---------- Data shown
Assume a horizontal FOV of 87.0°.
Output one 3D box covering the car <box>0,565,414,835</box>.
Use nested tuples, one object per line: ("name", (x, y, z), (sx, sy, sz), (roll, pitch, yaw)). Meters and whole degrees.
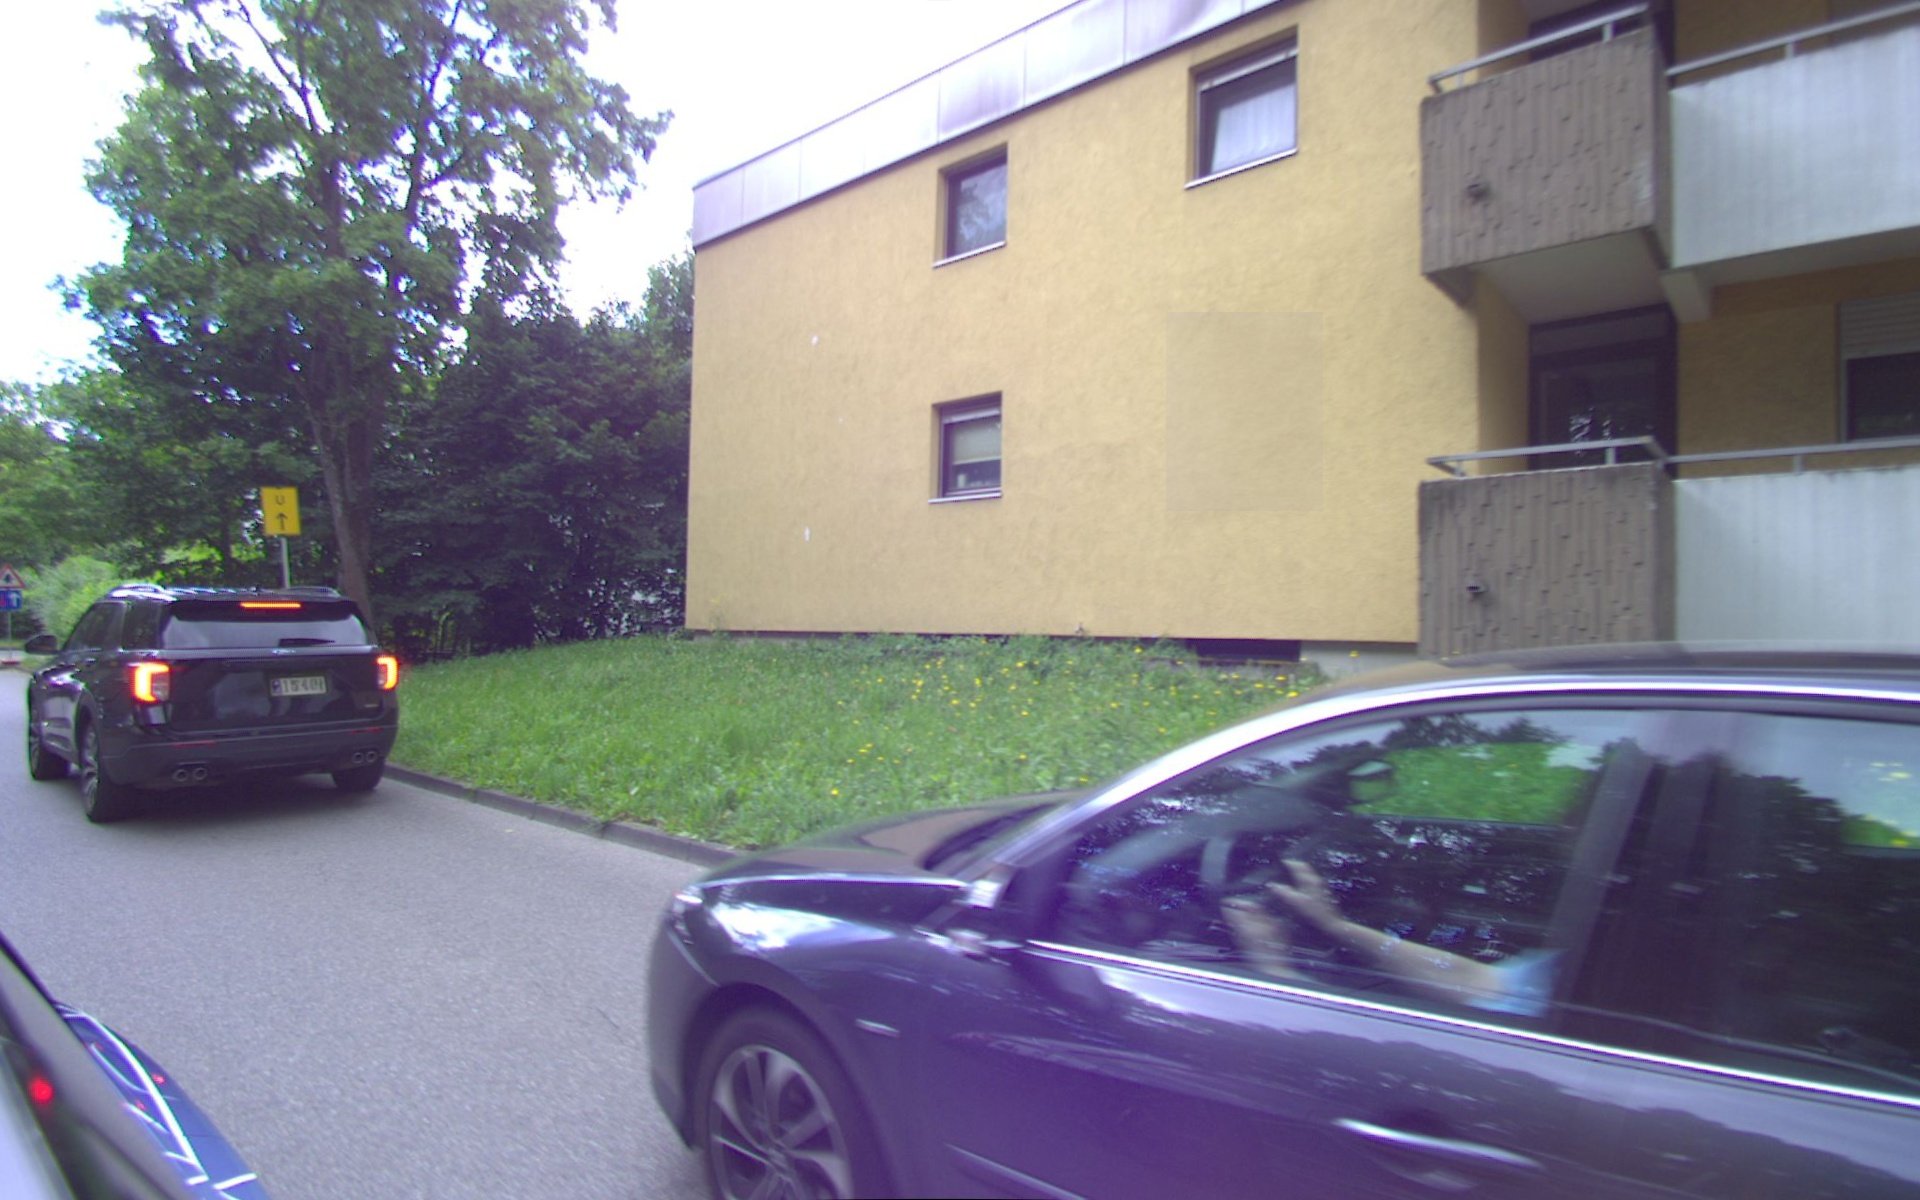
("car", (-6.806, 0.685, 8.890), (5.056, 1.730, 1.893), (-1, -2, 41))

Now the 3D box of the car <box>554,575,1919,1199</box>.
--------------------
Try it: If a line falls between the first line of the entries and the line containing "Output one 3D", or is one of those two, restate it word for word; leave all other lines out.

Response to this task:
Assume a horizontal FOV of 87.0°.
Output one 3D box covering the car <box>0,565,414,835</box>.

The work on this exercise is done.